TransMEF: A Transformer-Based Multi-Exposure Image Fusion Framework using Self-Supervised Multi-Task Learning
This work addresses image fusion for applications like photography and computer vision, but it is incremental as it builds on existing transformer and self-supervised learning approaches.
The paper tackled the problem of multi-exposure image fusion by proposing TransMEF, a transformer-based framework using self-supervised multi-task learning, which achieved the best performance compared to 11 other methods on a benchmark dataset in both subjective and objective evaluations.
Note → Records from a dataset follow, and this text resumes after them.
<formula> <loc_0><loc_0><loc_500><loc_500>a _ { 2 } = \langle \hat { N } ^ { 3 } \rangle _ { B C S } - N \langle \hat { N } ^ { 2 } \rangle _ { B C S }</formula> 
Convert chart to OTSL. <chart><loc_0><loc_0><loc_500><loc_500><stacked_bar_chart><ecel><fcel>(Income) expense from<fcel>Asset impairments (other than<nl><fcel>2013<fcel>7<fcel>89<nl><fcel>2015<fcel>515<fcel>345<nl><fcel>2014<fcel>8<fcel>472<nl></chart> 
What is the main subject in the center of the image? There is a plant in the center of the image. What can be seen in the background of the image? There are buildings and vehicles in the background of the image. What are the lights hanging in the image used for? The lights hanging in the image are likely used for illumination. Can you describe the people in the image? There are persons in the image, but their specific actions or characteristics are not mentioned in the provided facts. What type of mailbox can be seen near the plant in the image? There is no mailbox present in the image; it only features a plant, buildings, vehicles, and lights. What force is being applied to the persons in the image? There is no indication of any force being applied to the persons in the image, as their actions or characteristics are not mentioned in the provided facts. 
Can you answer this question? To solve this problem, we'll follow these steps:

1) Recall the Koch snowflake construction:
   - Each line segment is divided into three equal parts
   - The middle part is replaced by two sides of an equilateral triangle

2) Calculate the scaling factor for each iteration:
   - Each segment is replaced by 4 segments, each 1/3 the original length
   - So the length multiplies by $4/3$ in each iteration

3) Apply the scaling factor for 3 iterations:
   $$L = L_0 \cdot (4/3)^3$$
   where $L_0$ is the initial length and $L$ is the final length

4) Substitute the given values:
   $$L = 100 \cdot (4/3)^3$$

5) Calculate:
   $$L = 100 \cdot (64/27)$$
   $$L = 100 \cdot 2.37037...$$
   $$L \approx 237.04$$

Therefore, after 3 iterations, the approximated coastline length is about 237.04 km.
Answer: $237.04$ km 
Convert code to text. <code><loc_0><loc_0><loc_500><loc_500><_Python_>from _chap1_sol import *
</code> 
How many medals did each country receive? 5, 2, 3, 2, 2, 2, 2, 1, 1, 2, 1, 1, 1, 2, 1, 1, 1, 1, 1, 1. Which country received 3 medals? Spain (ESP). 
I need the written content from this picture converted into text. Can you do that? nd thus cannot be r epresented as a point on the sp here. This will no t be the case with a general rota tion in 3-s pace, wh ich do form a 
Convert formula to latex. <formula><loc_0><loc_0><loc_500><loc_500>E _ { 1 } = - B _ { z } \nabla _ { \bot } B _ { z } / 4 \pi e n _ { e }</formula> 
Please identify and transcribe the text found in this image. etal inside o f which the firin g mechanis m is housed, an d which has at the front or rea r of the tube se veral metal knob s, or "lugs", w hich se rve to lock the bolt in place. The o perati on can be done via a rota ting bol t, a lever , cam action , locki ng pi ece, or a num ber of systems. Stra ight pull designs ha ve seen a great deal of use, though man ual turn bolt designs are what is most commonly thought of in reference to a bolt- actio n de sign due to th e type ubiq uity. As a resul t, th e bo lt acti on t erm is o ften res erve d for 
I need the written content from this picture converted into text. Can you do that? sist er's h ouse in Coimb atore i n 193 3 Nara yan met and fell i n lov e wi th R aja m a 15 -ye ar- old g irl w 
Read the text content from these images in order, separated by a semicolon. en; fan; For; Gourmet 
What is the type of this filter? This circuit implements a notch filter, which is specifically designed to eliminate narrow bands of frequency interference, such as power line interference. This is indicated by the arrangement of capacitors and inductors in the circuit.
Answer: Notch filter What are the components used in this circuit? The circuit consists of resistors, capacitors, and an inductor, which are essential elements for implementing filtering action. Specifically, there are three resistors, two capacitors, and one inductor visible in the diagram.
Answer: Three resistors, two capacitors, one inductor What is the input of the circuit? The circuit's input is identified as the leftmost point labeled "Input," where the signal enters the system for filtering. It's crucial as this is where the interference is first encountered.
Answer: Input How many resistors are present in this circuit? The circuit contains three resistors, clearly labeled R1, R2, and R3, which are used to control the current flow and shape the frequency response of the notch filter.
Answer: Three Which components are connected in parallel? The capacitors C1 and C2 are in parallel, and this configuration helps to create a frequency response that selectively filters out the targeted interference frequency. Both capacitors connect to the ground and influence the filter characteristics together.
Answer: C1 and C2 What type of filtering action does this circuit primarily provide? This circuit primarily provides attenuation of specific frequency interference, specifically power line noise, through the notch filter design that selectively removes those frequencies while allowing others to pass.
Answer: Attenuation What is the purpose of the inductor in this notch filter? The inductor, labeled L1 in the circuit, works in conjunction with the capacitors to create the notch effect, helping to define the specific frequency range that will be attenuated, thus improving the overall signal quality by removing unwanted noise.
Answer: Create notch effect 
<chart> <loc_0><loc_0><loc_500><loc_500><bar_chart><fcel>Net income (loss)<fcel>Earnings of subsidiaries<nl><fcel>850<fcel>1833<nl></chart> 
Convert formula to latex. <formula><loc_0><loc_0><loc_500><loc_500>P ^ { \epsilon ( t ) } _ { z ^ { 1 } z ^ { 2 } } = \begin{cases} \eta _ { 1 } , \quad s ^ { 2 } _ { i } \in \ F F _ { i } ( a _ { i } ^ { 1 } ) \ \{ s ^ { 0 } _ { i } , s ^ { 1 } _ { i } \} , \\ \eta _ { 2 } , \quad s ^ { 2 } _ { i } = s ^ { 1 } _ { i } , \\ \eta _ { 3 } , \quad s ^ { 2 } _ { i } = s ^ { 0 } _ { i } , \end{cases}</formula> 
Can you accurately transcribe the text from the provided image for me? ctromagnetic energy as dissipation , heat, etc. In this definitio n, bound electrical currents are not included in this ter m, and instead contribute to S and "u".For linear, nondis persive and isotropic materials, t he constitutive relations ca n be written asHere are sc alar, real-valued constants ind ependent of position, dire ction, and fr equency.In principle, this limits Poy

In this paper, we propose TransMEF, a transformer-based multi-exposure image fusion framework that uses self-supervised multi-task learning. The framework is based on an encoder-decoder network, which can be trained on large natural image datasets and does not require ground truth fusion images. We design three self-supervised reconstruction tasks according to the characteristics of multi-exposure images and conduct these tasks simultaneously using multi-task learning; through this process, the network can learn the characteristics of multi-exposure images and extract more generalized features. In addition, to compensate for the defect in establishing long-range dependencies in CNN-based architectures, we design an encoder that combines a CNN module with a transformer module. This combination enables the network to focus on both local and global information. We evaluated our method and compared it to 11 competitive traditional and deep learning-based methods on the latest released multi-exposure image fusion benchmark dataset, and our method achieved the best performance in both subjective and objective evaluations.